By Karen Hamilton - Peace Corps Volunteer, Ukraine (2005 - 2007)

In English class this week, we compared culture to a tree.

There are parts you can see:

Trunk, branches, leaves

And the parts you can’t: the roots.

Without the roots, the tree would die or fall down.

It would have never grown in the first place.

The culture, much like the tree, has parts you can see:

Clothing, holiday traditions, or amount of touching

And the parts you can’t: The concept of beauty, religious beliefs, and personal space.

                     

We now climb the trunk and walk its branches more deftly than when we arrived:

Always arriving with a gift of cookies or flowers for our host

Reading menus or notes in cursive Cyrillic we thought we’d never learn

Always leaving a little bit of vodka in the glass, otherwise it gets refilled

Easter egg fights where the winner takes the damaged egg

We squeeze into the packed marshrutka or elevator like professionals

Whereas back home we’d surely wait for the next one

 

The cultural aspects we can see are explained by what we cannot.

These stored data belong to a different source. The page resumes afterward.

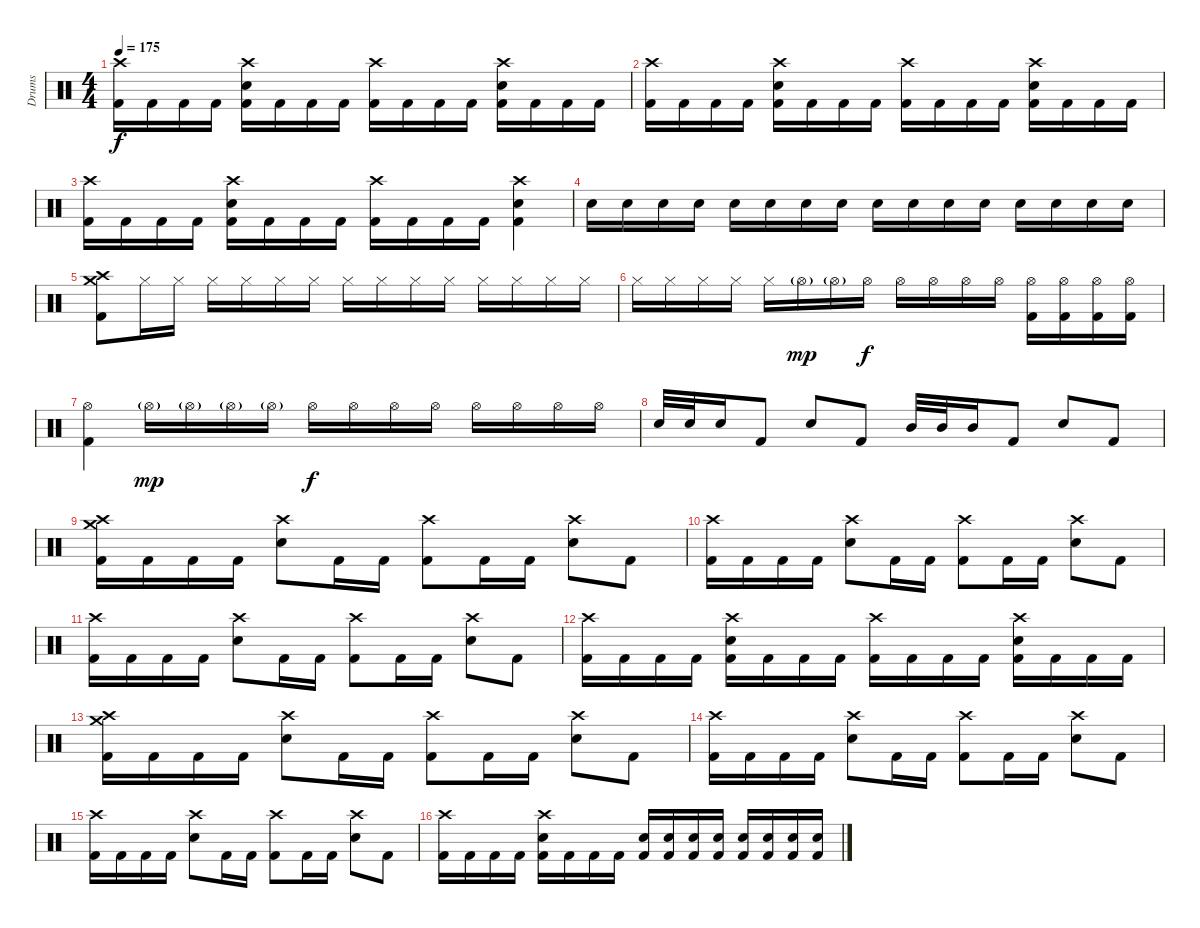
\track ("Drums" "Drums") {instrument percussion}
\staff {score}
\articulation defaults
\ts (4 4)
\tempo 175
\clef neutral
\ks c
("Crash high (hit)" "Kick (hit) 2").16{dy f} "Kick (hit) 2".16 "Kick (hit) 2".16 "Kick (hit) 2".16 ("Crash high (hit)" "Snare (hit) 2" "Kick (hit) 2").16 "Kick (hit) 2".16 "Kick (hit) 2".16 "Kick (hit) 2".16 ("Crash high (hit)" "Kick (hit) 2").16 "Kick (hit) 2".16 "Kick (hit) 2".16 "Kick (hit) 2".16 ("Crash high (hit)" "Snare (hit) 2" "Kick (hit) 2").16 "Kick (hit) 2".16 "Kick (hit) 2".16 "Kick (hit) 2".16 |
("Crash high (hit)" "Kick (hit) 2").16 "Kick (hit) 2".16 "Kick (hit) 2".16 "Kick (hit) 2".16 ("Crash high (hit)" "Snare (hit) 2" "Kick (hit) 2").16 "Kick (hit) 2".16 "Kick (hit) 2".16 "Kick (hit) 2".16 ("Crash high (hit)" "Kick (hit) 2").16 "Kick (hit) 2".16 "Kick (hit) 2".16 "Kick (hit) 2".16 ("Crash high (hit)" "Snare (hit) 2" "Kick (hit) 2").16 "Kick (hit) 2".16 "Kick (hit) 2".16 "Kick (hit) 2".16 |
("Crash high (hit)" "Kick (hit) 2").16 "Kick (hit) 2".16 "Kick (hit) 2".16 "Kick (hit) 2".16 ("Crash high (hit)" "Snare (hit) 2" "Kick (hit) 2").16 "Kick (hit) 2".16 "Kick (hit) 2".16 "Kick (hit) 2".16 ("Crash high (hit)" "Kick (hit) 2").16 "Kick (hit) 2".16 "Kick (hit) 2".16 "Kick (hit) 2".16 ("Crash high (hit)" "Snare (hit) 2" "Kick (hit) 2").4 |
"Snare (hit) 2".16 "Snare (hit) 2".16 "Snare (hit) 2".16 "Snare (hit) 2".16 "Snare (hit) 2".16 "Snare (hit) 2".16 "Snare (hit) 2".16 "Snare (hit) 2".16 "Snare (hit) 2".16 "Snare (hit) 2".16 "Snare (hit) 2".16 "Snare (hit) 2".16 "Snare (hit) 2".16 "Snare (hit) 2".16 "Snare (hit) 2".16 "Snare (hit) 2".16 |
("Crash medium (hit)" "Crash high (hit)" "Kick (hit) 2").8 "Hi-Hat (closed)".16 "Hi-Hat (closed)".16 "Hi-Hat (closed)".16 "Hi-Hat (closed)".16 "Hi-Hat (closed)".16 "Hi-Hat (closed)".16 "Hi-Hat (closed)".16 "Hi-Hat (closed)".16 "Hi-Hat (closed)".16 "Hi-Hat (closed)".16 "Hi-Hat (closed)".16 "Hi-Hat (closed)".16 "Hi-Hat (closed)".16 "Hi-Hat (closed)".16 |
"Hi-Hat (closed)".16 "Hi-Hat (closed)".16 "Hi-Hat (closed)".16 "Hi-Hat (closed)".16 "Hi-Hat (closed)".16 "Hi-Hat (open)"{g}.16{dy mp} "Hi-Hat (open)"{g}.16 "Hi-Hat (open)".16{dy f} "Hi-Hat (open)".16 "Hi-Hat (open)".16 "Hi-Hat (open)".16 "Hi-Hat (open)".16 ("Hi-Hat (open)" "Kick (hit) 2").16 ("Hi-Hat (open)" "Kick (hit) 2").16 ("Hi-Hat (open)" "Kick (hit) 2").16 ("Hi-Hat (open)" "Kick (hit) 2").16 |
("Hi-Hat (open)" "Kick (hit) 2").4 "Hi-Hat (open)"{g}.16{dy mp} "Hi-Hat (open)"{g}.16 "Hi-Hat (open)"{g}.16 "Hi-Hat (open)"{g}.16 "Hi-Hat (open)".16{dy f} "Hi-Hat (open)".16 "Hi-Hat (open)".16 "Hi-Hat (open)".16 "Hi-Hat (open)".16 "Hi-Hat (open)".16 "Hi-Hat (open)".16 "Hi-Hat (open)".16 |
"Snare (hit) 2".32 "Snare (hit) 2".32 "Snare (hit) 2".16 "Kick (hit) 2".8 "Snare (hit) 2".8 "Kick (hit) 2".8 "Mid Tom (hit)".32 "Mid Tom (hit)".32 "Mid Tom (hit)".16 "Kick (hit) 2".8 "Snare (hit) 2".8 "Kick (hit) 2".8 |
("Crash medium (hit)" "Crash high (hit)" "Kick (hit) 2").16 "Kick (hit) 2".16 "Kick (hit) 2".16 "Kick (hit) 2".16 ("Crash high (hit)" "Snare (hit) 2").8 "Kick (hit) 2".16 "Kick (hit) 2".16 ("Crash high (hit)" "Kick (hit) 2").8 "Kick (hit) 2".16 "Kick (hit) 2".16 ("Crash high (hit)" "Snare (hit) 2").8 "Kick (hit) 2".8 |
("Crash high (hit)" "Kick (hit) 2").16 "Kick (hit) 2".16 "Kick (hit) 2".16 "Kick (hit) 2".16 ("Crash high (hit)" "Snare (hit) 2").8 "Kick (hit) 2".16 "Kick (hit) 2".16 ("Crash high (hit)" "Kick (hit) 2").8 "Kick (hit) 2".16 "Kick (hit) 2".16 ("Crash high (hit)" "Snare (hit) 2").8 "Kick (hit) 2".8 |
("Crash high (hit)" "Kick (hit) 2").16 "Kick (hit) 2".16 "Kick (hit) 2".16 "Kick (hit) 2".16 ("Crash high (hit)" "Snare (hit) 2").8 "Kick (hit) 2".16 "Kick (hit) 2".16 ("Crash high (hit)" "Kick (hit) 2").8 "Kick (hit) 2".16 "Kick (hit) 2".16 ("Crash high (hit)" "Snare (hit) 2").8 "Kick (hit) 2".8 |
("Crash high (hit)" "Kick (hit) 2").16 "Kick (hit) 2".16 "Kick (hit) 2".16 "Kick (hit) 2".16 ("Crash high (hit)" "Snare (hit) 2" "Kick (hit) 2").16 "Kick (hit) 2".16 "Kick (hit) 2".16 "Kick (hit) 2".16 ("Crash high (hit)" "Kick (hit) 2").16 "Kick (hit) 2".16 "Kick (hit) 2".16 "Kick (hit) 2".16 ("Crash high (hit)" "Snare (hit) 2" "Kick (hit) 2").16 "Kick (hit) 2".16 "Kick (hit) 2".16 "Kick (hit) 2".16 |
("Crash medium (hit)" "Crash high (hit)" "Kick (hit) 2").16 "Kick (hit) 2".16 "Kick (hit) 2".16 "Kick (hit) 2".16 ("Crash high (hit)" "Snare (hit) 2").8 "Kick (hit) 2".16 "Kick (hit) 2".16 ("Crash high (hit)" "Kick (hit) 2").8 "Kick (hit) 2".16 "Kick (hit) 2".16 ("Crash high (hit)" "Snare (hit) 2").8 "Kick (hit) 2".8 |
("Crash high (hit)" "Kick (hit) 2").16 "Kick (hit) 2".16 "Kick (hit) 2".16 "Kick (hit) 2".16 ("Crash high (hit)" "Snare (hit) 2").8 "Kick (hit) 2".16 "Kick (hit) 2".16 ("Crash high (hit)" "Kick (hit) 2").8 "Kick (hit) 2".16 "Kick (hit) 2".16 ("Crash high (hit)" "Snare (hit) 2").8 "Kick (hit) 2".8 |
("Crash high (hit)" "Kick (hit) 2").16 "Kick (hit) 2".16 "Kick (hit) 2".16 "Kick (hit) 2".16 ("Crash high (hit)" "Snare (hit) 2").8 "Kick (hit) 2".16 "Kick (hit) 2".16 ("Crash high (hit)" "Kick (hit) 2").8 "Kick (hit) 2".16 "Kick (hit) 2".16 ("Crash high (hit)" "Snare (hit) 2").8 "Kick (hit) 2".8 |
("Crash high (hit)" "Kick (hit) 2").16 "Kick (hit) 2".16 "Kick (hit) 2".16 "Kick (hit) 2".16 ("Crash high (hit)" "Snare (hit) 2" "Kick (hit) 2").16 "Kick (hit) 2".16 "Kick (hit) 2".16 "Kick (hit) 2".16 ("Snare (hit) 2" "Kick (hit) 2").16 ("Snare (hit) 2" "Kick (hit) 2").16 ("Snare (hit) 2" "Kick (hit) 2").16 ("Snare (hit) 2" "Kick (hit) 2").16 ("Snare (hit) 2" "Kick (hit) 2").16 ("Snare (hit) 2" "Kick (hit) 2").16 ("Snare (hit) 2" "Kick (hit) 2").16 ("Snare (hit) 2" "Kick (hit) 2").16

Because of our service, we understand how the roots nurture the tree, give it life.

Instead of asking “why” about the tree’s bark, the color of its leaves

We can offer “because” with an appreciation for the complex system of roots

As we return home to plant its seeds.


This poem was entered in the returned Volunteer category for the 2015 Peace Corps Poetry Contest. The contest received more than 1,000 submissions, representing over 50 years of Peace Corps service in more than 100 countries.